### GOAL OF THE EXERCISE
Pictures do not belong in the copy. Return all of the entries exactly.

----

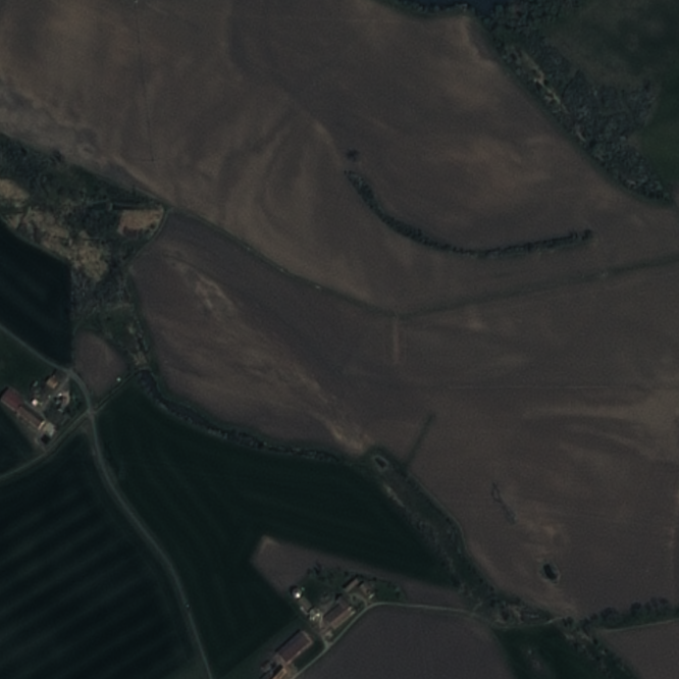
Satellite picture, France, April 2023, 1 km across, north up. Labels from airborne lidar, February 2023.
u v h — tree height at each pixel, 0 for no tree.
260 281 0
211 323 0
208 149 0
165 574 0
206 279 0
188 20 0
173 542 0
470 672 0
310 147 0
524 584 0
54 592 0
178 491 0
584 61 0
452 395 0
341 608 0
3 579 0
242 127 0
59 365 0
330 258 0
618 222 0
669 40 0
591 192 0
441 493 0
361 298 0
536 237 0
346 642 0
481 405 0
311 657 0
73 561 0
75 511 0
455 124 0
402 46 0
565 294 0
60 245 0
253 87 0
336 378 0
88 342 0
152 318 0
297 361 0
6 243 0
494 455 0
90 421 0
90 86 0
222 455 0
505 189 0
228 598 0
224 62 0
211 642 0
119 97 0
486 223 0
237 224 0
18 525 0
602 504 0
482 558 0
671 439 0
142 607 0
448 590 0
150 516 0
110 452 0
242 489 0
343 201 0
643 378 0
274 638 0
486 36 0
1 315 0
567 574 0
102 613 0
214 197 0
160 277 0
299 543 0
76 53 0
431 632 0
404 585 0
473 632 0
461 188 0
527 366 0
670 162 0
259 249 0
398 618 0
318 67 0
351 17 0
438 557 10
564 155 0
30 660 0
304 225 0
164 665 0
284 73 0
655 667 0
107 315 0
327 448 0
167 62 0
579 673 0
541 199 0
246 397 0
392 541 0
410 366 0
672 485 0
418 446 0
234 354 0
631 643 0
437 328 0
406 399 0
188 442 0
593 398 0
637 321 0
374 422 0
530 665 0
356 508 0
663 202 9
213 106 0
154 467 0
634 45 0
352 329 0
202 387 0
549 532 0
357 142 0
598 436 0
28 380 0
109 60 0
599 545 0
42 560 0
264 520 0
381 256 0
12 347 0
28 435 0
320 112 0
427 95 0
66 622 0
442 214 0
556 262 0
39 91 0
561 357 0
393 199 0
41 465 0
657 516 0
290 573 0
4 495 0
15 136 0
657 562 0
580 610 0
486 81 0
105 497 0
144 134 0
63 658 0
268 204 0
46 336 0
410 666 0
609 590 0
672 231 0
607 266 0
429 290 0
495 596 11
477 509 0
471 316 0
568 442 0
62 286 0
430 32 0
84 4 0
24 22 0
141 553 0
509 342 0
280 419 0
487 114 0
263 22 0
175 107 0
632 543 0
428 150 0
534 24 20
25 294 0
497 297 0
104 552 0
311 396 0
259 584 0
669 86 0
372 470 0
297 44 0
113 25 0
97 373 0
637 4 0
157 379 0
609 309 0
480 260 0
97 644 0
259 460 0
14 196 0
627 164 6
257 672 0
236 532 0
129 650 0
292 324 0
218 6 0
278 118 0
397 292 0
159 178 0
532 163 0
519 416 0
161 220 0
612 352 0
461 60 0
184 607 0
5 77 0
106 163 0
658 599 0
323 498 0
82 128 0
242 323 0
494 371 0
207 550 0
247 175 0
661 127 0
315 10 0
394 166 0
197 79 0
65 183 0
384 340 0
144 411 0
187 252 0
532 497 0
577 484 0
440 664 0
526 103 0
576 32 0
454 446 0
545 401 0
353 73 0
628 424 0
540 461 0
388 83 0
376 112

----

### YOUR SOLUTION
Satellite picture, France, April 2023, 1 km across, north up. Labels from airborne lidar, February 2023.
u v h — tree height at each pixel, 0 for no tree.
260 281 0
211 323 0
208 149 0
165 574 0
206 279 0
188 20 0
173 542 0
470 672 0
310 147 0
524 584 0
54 592 0
178 491 0
584 61 0
452 395 0
341 608 0
3 579 0
242 127 0
59 365 0
330 258 0
618 222 0
669 40 0
591 192 0
441 493 0
361 298 0
536 237 0
346 642 0
481 405 0
311 657 0
73 561 0
75 511 0
455 124 0
402 46 0
565 294 0
60 245 0
253 87 0
336 378 0
88 342 0
152 318 0
297 361 0
6 243 0
494 455 0
90 421 0
90 86 0
222 455 0
505 189 0
228 598 0
224 62 0
211 642 0
119 97 0
486 223 0
237 224 0
18 525 0
602 504 0
482 558 0
671 439 0
142 607 0
448 590 0
150 516 0
110 452 0
242 489 0
343 201 0
643 378 0
274 638 0
486 36 0
1 315 0
567 574 0
102 613 0
214 197 0
160 277 0
299 543 0
76 53 0
431 632 0
404 585 0
473 632 0
461 188 0
527 366 0
670 162 0
259 249 0
398 618 0
318 67 0
351 17 0
438 557 10
564 155 0
30 660 0
304 225 0
164 665 0
284 73 0
655 667 0
107 315 0
327 448 0
167 62 0
579 673 0
541 199 0
246 397 0
392 541 0
410 366 0
672 485 0
418 446 0
234 354 0
631 643 0
437 328 0
406 399 0
188 442 0
593 398 0
637 321 0
374 422 0
530 665 0
356 508 0
663 202 9
213 106 0
154 467 0
634 45 0
352 329 0
202 387 0
549 532 0
357 142 0
598 436 0
28 380 0
109 60 0
599 545 0
42 560 0
264 520 0
381 256 0
12 347 0
28 435 0
320 112 0
427 95 0
66 622 0
442 214 0
556 262 0
39 91 0
561 357 0
393 199 0
41 465 0
657 516 0
290 573 0
4 495 0
15 136 0
657 562 0
580 610 0
486 81 0
105 497 0
144 134 0
63 658 0
268 204 0
46 336 0
410 666 0
609 590 0
672 231 0
607 266 0
429 290 0
495 596 11
477 509 0
471 316 0
568 442 0
62 286 0
430 32 0
84 4 0
24 22 0
141 553 0
509 342 0
280 419 0
487 114 0
263 22 0
175 107 0
632 543 0
428 150 0
534 24 20
25 294 0
497 297 0
104 552 0
311 396 0
259 584 0
669 86 0
372 470 0
297 44 0
113 25 0
97 373 0
637 4 0
157 379 0
609 309 0
480 260 0
97 644 0
259 460 0
14 196 0
627 164 6
257 672 0
236 532 0
129 650 0
292 324 0
218 6 0
278 118 0
397 292 0
159 178 0
532 163 0
519 416 0
161 220 0
612 352 0
461 60 0
184 607 0
5 77 0
106 163 0
658 599 0
323 498 0
82 128 0
242 323 0
494 371 0
207 550 0
247 175 0
661 127 0
315 10 0
394 166 0
197 79 0
65 183 0
384 340 0
144 411 0
187 252 0
532 497 0
577 484 0
440 664 0
526 103 0
576 32 0
454 446 0
545 401 0
353 73 0
628 424 0
540 461 0
388 83 0
376 112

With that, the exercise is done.